Ferrocene, developed by Adacore and Ferrous Systems, made a significant step by becoming a qualified Rust toolchain for ISO 26262 and IEC 61508. This was a major milestone, and it is now commercially available. But qualification is expensive to maintain, lags the upstream compiler, and covers a narrower set of targets than the broader Rust toolchain. Teams working in these domains often cannot simply pick up the latest stable Rust release; they have to work within certified toolchain versions and accept the constraints that come with that.
This is a gap that the community cannot close through open source effort alone. It requires sustained commercial investment and coordination with standards bodies. The report naming this as a consistent pain point for safety-critical teams is useful because it clarifies that this is not a niche problem for a small set of users. There is real demand for Rust in certified environments, and the toolchain infrastructure to meet that demand is still being built.

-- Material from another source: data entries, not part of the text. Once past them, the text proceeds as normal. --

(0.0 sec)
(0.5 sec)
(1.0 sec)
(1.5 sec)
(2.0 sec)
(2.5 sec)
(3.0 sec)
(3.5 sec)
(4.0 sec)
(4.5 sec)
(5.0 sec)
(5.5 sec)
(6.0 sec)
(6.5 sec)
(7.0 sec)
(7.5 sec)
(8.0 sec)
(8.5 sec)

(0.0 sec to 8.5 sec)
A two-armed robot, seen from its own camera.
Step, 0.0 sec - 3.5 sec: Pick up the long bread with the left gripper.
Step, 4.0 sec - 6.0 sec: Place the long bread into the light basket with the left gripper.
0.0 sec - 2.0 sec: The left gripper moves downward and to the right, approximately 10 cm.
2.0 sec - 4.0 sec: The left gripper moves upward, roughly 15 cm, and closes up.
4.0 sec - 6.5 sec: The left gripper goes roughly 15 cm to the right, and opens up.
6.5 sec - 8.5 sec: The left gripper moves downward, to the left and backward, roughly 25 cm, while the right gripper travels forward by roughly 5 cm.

Embedded Rust’s Maturity Plateau
Embedded developers face a different set of frustrations: ecosystem fragmentation and variable library maturity. The no_std environment, where you cannot assume an allocator or operating system, is well-supported by the core language. But the layers above that, hardware abstraction layers, peripheral access crates, BSPs for specific microcontrollers, vary significantly in quality and maintenance.

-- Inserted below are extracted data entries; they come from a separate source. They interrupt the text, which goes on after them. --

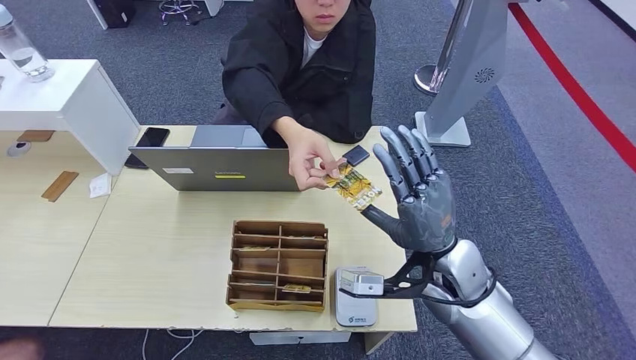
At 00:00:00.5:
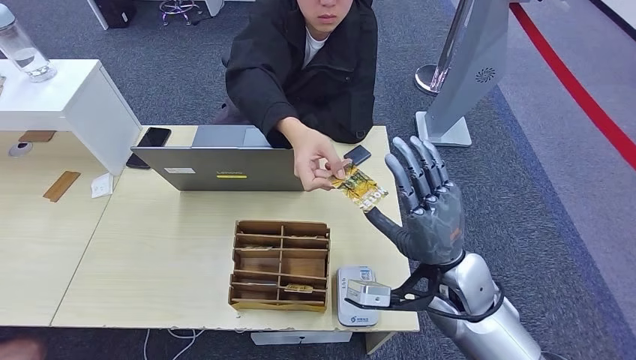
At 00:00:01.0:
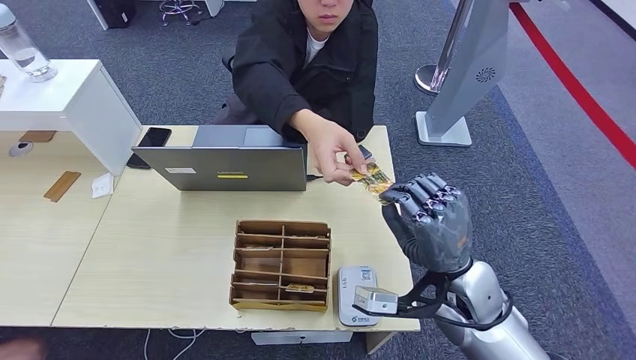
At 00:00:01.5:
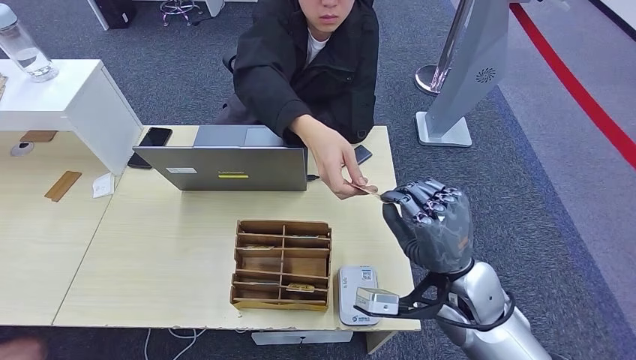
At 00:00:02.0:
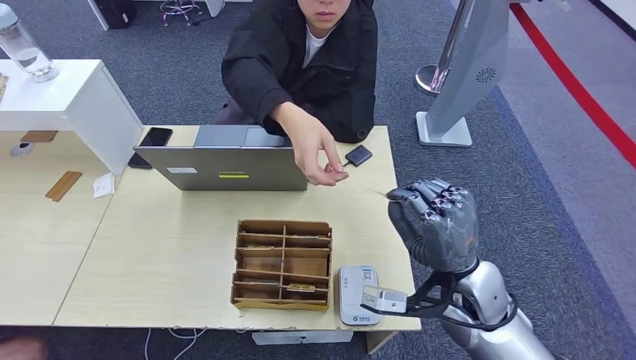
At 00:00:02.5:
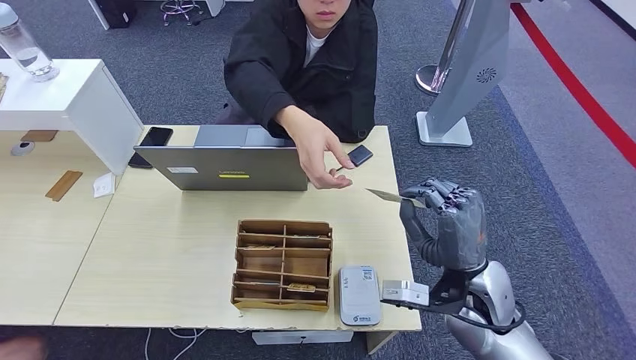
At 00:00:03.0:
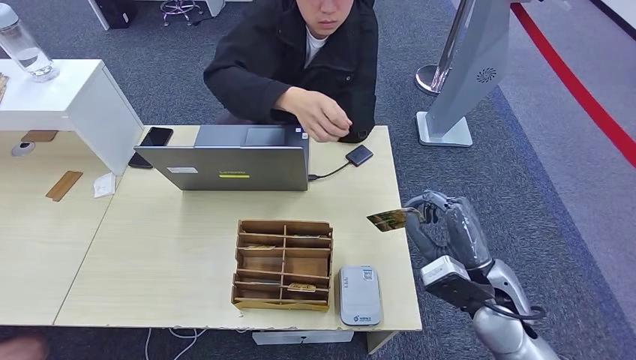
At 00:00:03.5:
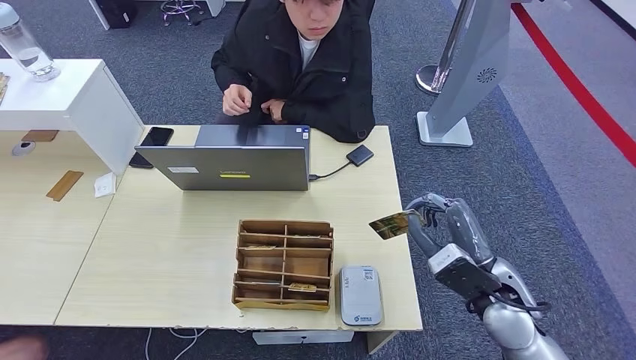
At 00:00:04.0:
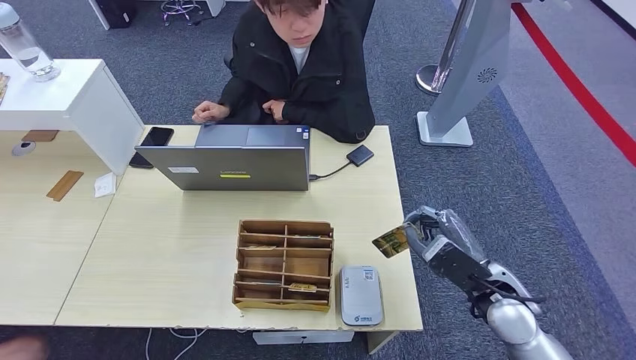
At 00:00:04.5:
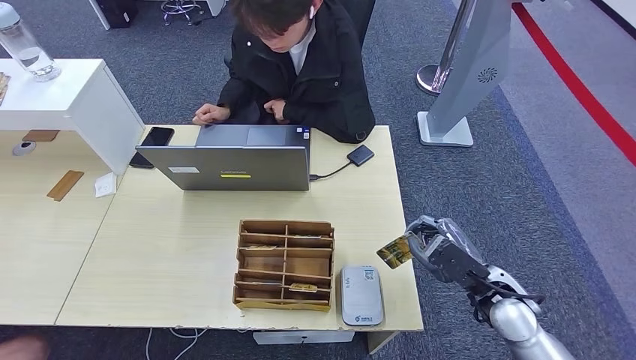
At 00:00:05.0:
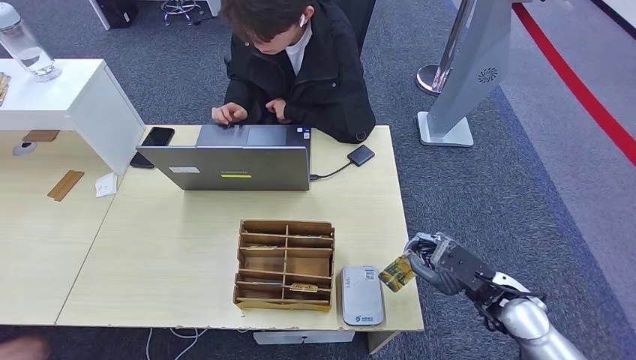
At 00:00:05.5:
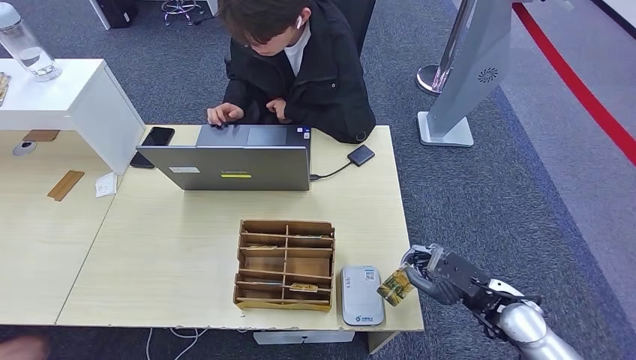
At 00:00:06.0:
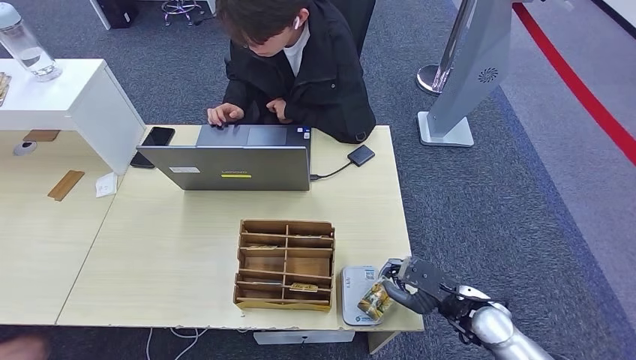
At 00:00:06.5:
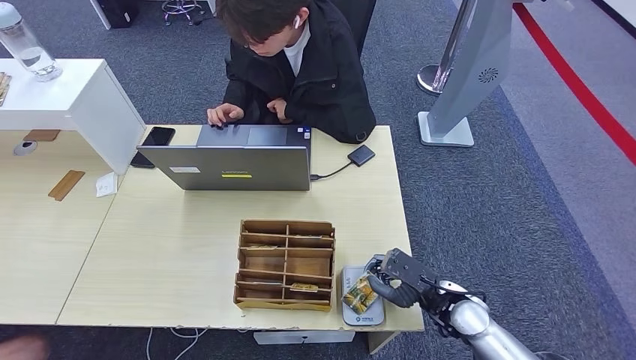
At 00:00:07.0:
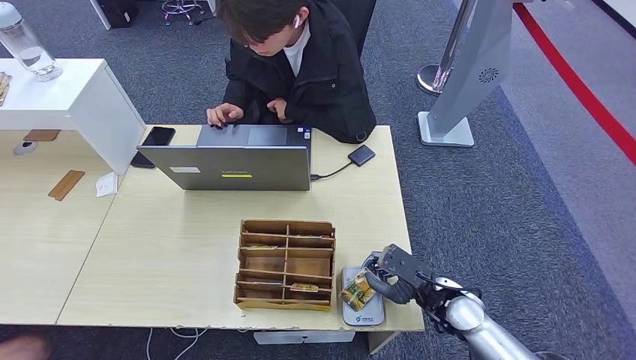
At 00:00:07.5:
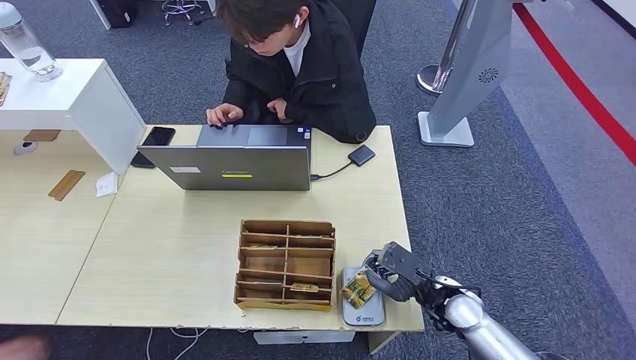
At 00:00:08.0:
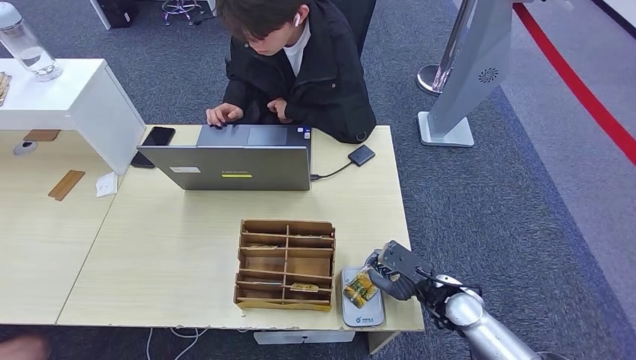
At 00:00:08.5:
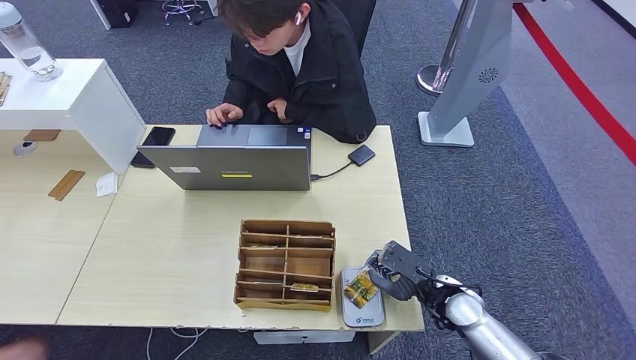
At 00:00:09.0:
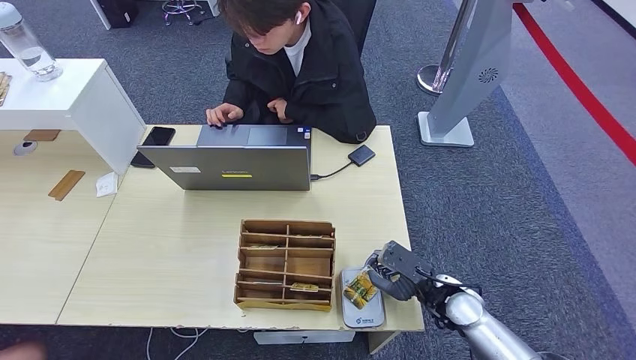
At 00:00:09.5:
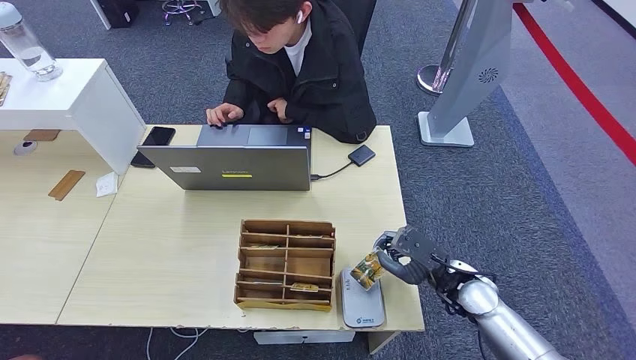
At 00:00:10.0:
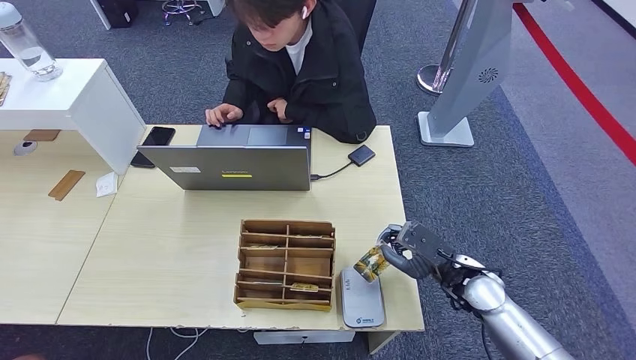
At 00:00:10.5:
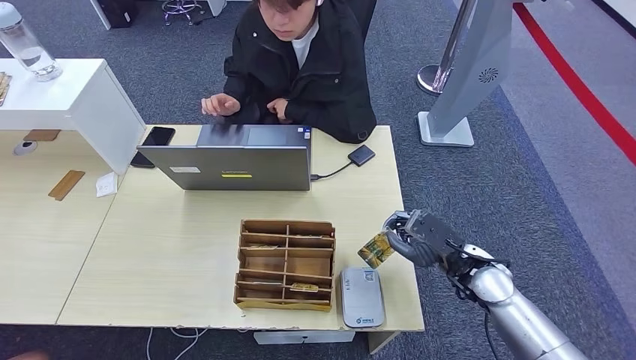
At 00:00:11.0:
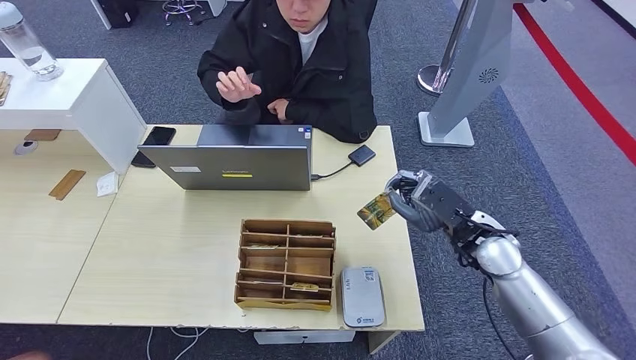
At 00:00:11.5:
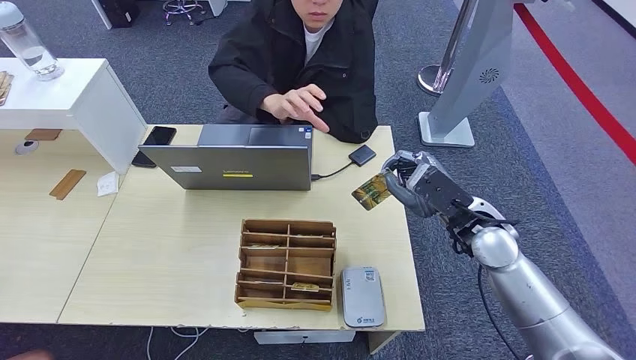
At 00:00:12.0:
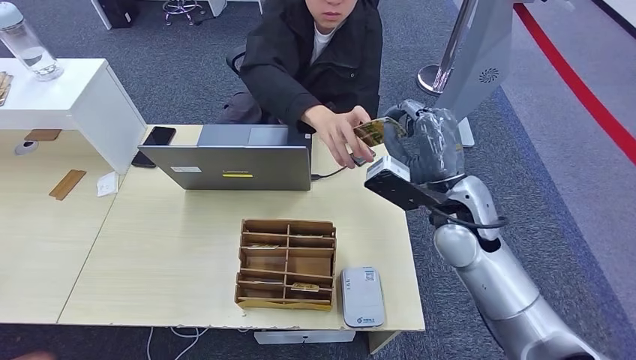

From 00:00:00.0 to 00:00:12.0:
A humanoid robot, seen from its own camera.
Step, from 00:00:00.0 to 00:00:02.0: Take the ID card from the person's hand.
Step, from 00:00:02.5 to 00:00:07.5: Place the ID card on the card reader.
From 00:00:00.0 to 00:00:02.0: The hands stay close to where they were, moving slightly.
From 00:00:02.0 to 00:00:04.0: The right hand travels to the right by roughly 5 cm.
From 00:00:04.0 to 00:00:06.0: The right hand goes some 10 cm downward.
From 00:00:06.0 to 00:00:08.0: The hands stay close to where they were, moving slightly.
From 00:00:08.0 to 00:00:10.0: The right hand moves about 5 cm.
From 00:00:10.0 to 00:00:12.0: The right hand shifts approximately 15 cm upward.

The Embedded Working Group has produced substantial infrastructure, and projects like Embassy have brought async Rust to embedded environments in a way that works well in practice. But a developer moving from one microcontroller family to another often finds that the library support is in a different state: complete and maintained for one target, partial for another, absent for a third.
This is partly a resourcing problem. Embedded Rust is a smaller community than web backend Rust, and maintaining hardware-specific libraries requires access to the hardware and ongoing effort as both the hardware and the compiler evolve. The report confirms that this uneven maturity is a consistent concern, not an occasional edge case.
What This Tells Us About Adoption Strategy
The most honest takeaway from the report is that Rust adoption planning should not rely on a simple time-to-productivity model. Different teams will hit different walls depending on what they’re building, and some of those walls are not going to come down on a predictable schedule.
For infrastructure and systems teams, the main friction is compilation throughput and async ergonomics. Both are improving. For safety-critical teams, the constraint is certification toolchain availability, which is a slower-moving problem. For embedded teams, the bottleneck is ecosystem coverage, which depends on community growth in specific hardware domains.
The quote from an engineering manager in the report captures something true: even with its friction, Rust remains the tool people choose, because the alternative, writing performance-sensitive or safety-critical systems in C or C++ without the guarantees Rust provides, carries its own costs. The challenges the report documents are real, but they are friction against a background of genuine value. The question for the Rust project is not whether to address them, but in what order and through what mechanisms.
The report is a step toward answering that. Naming domain-specific challenges alongside universal ones is more useful than the usual frame of “Rust is hard to learn.” It points to where investment, tooling, and ecosystem work will have the most leverage.